The Need to Increase the Warnings of Worsening Symptoms

Bracing statistics from the journal Addiction show that medical marijuana to combat chronic pain has, for some patients, negative consequences. In a group of 527 people—82% white, 49% male, average age 45.6 years—looking to be certified or recertified for medical marijuana it was found that over 40% experienced withdrawal symptoms.

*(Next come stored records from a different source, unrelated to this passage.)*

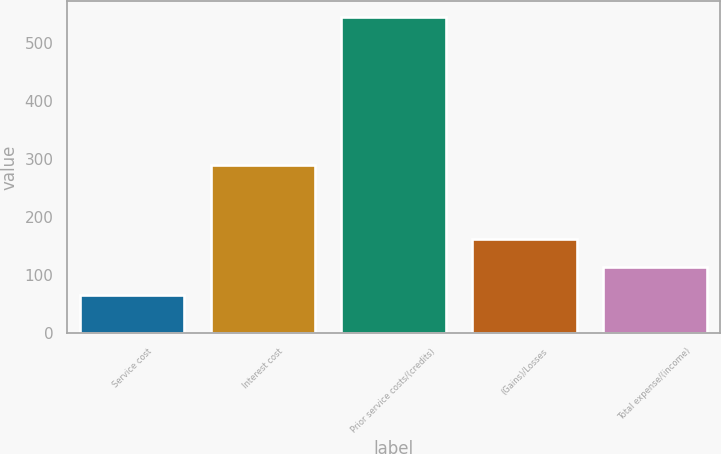Convert chart. <chart><loc_0><loc_0><loc_500><loc_500><bar_chart><fcel>Service cost<fcel>Interest cost<fcel>Prior service costs/(credits)<fcel>(Gains)/Losses<fcel>Total expense/(income)<nl><fcel>67<fcel>290<fcel>545<fcel>162.6<fcel>114.8<nl></chart> 
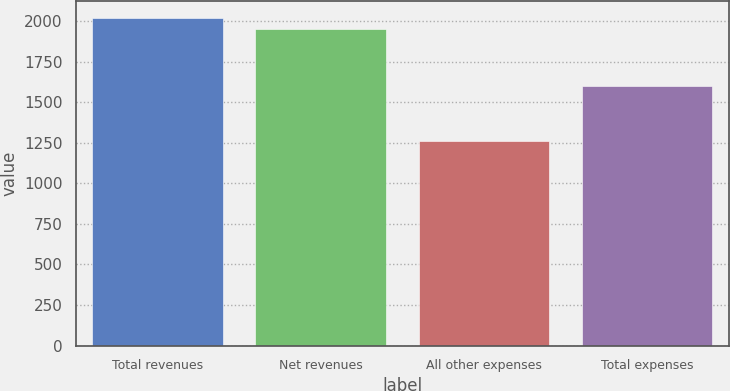Convert chart to OTSL. <chart><loc_0><loc_0><loc_500><loc_500><bar_chart><fcel>Total revenues<fcel>Net revenues<fcel>All other expenses<fcel>Total expenses<nl><fcel>2023.3<fcel>1954<fcel>1262<fcel>1602<nl></chart> 
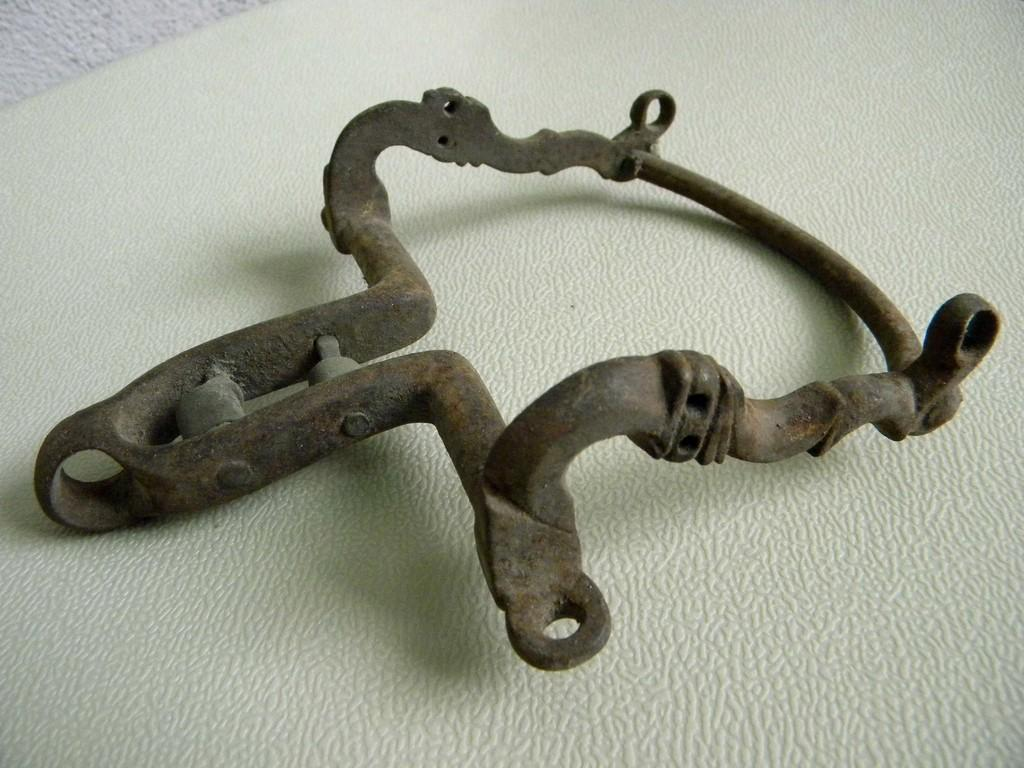What type of object is present in the image? There is a metal object in the image. Can you describe the appearance of the metal object? The metal object resembles a handle or an antique. What is the color of the background in the image? The background of the image is white in color. What might the white background be? The white background might be a table. What type of food is being prepared on the white background in the image? There is no food present in the image, and the white background might be a table rather than a surface for food preparation. How does the rabbit contribute to the acoustics of the image? There is no rabbit present in the image, so it cannot contribute to the acoustics. 
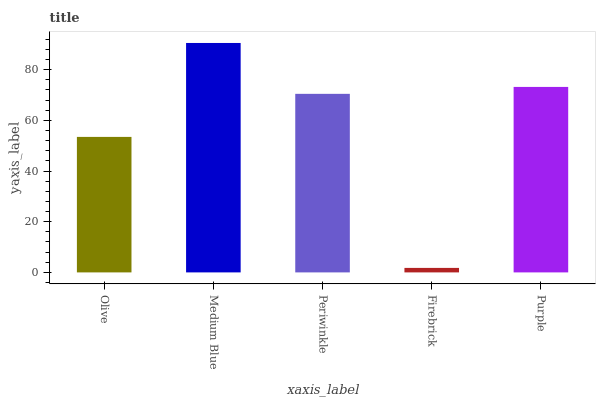Is Firebrick the minimum?
Answer yes or no. Yes. Is Medium Blue the maximum?
Answer yes or no. Yes. Is Periwinkle the minimum?
Answer yes or no. No. Is Periwinkle the maximum?
Answer yes or no. No. Is Medium Blue greater than Periwinkle?
Answer yes or no. Yes. Is Periwinkle less than Medium Blue?
Answer yes or no. Yes. Is Periwinkle greater than Medium Blue?
Answer yes or no. No. Is Medium Blue less than Periwinkle?
Answer yes or no. No. Is Periwinkle the high median?
Answer yes or no. Yes. Is Periwinkle the low median?
Answer yes or no. Yes. Is Purple the high median?
Answer yes or no. No. Is Firebrick the low median?
Answer yes or no. No. 
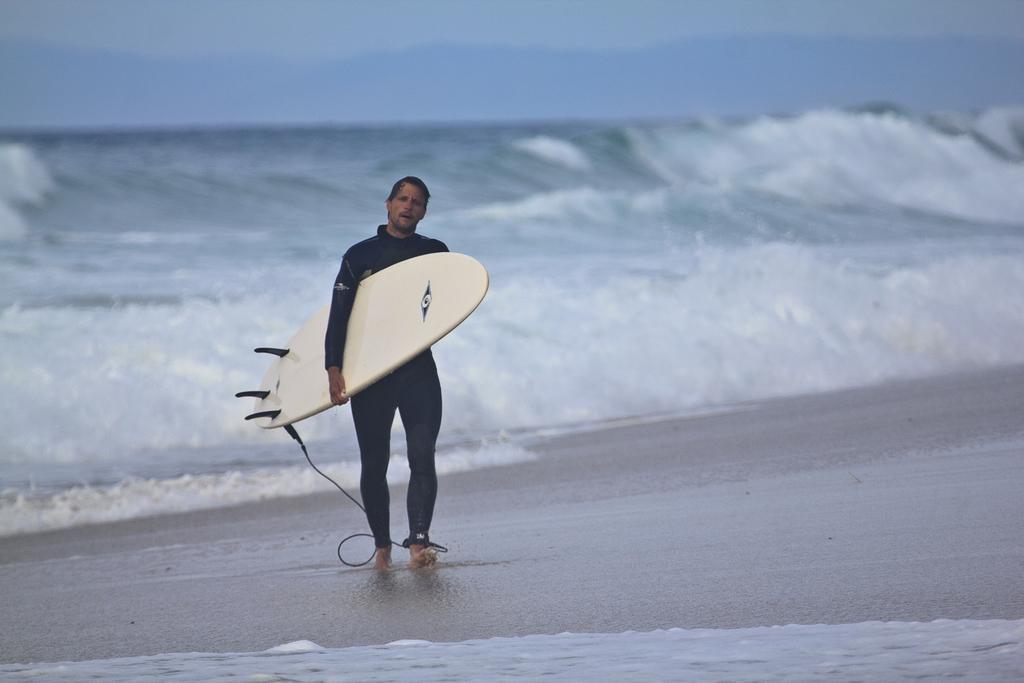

Other findings:

  • Approximately 10% of patients said there were negative changes to their mental state, energy levels, mood, sleep, and appetite over a 2 year course of cannabis use
  • Patients may not be able to distinguish withdrawal symptoms from their underlying condition
  • Those who perceive cannabis as “harmless” are incorrect

Analysis leader Lara Coughlin, PhD, commented that “Some people report experiencing significant benefits from medical cannabis, but our findings suggest a real need to increase awareness about the signs of withdrawal symptoms developing to decrease the potential downsides of cannabis use, especially among those who experience severe or worsening symptoms over time.” The study concluded, “Adults with chronic pain seeking medical cannabis certification or re‐certification appear to experience mild to severe withdrawal symptoms. Withdrawal symptoms tend to be stable over a 2‐year period, but younger age is predictive of worse symptoms and of an escalating withdrawal trajectory.”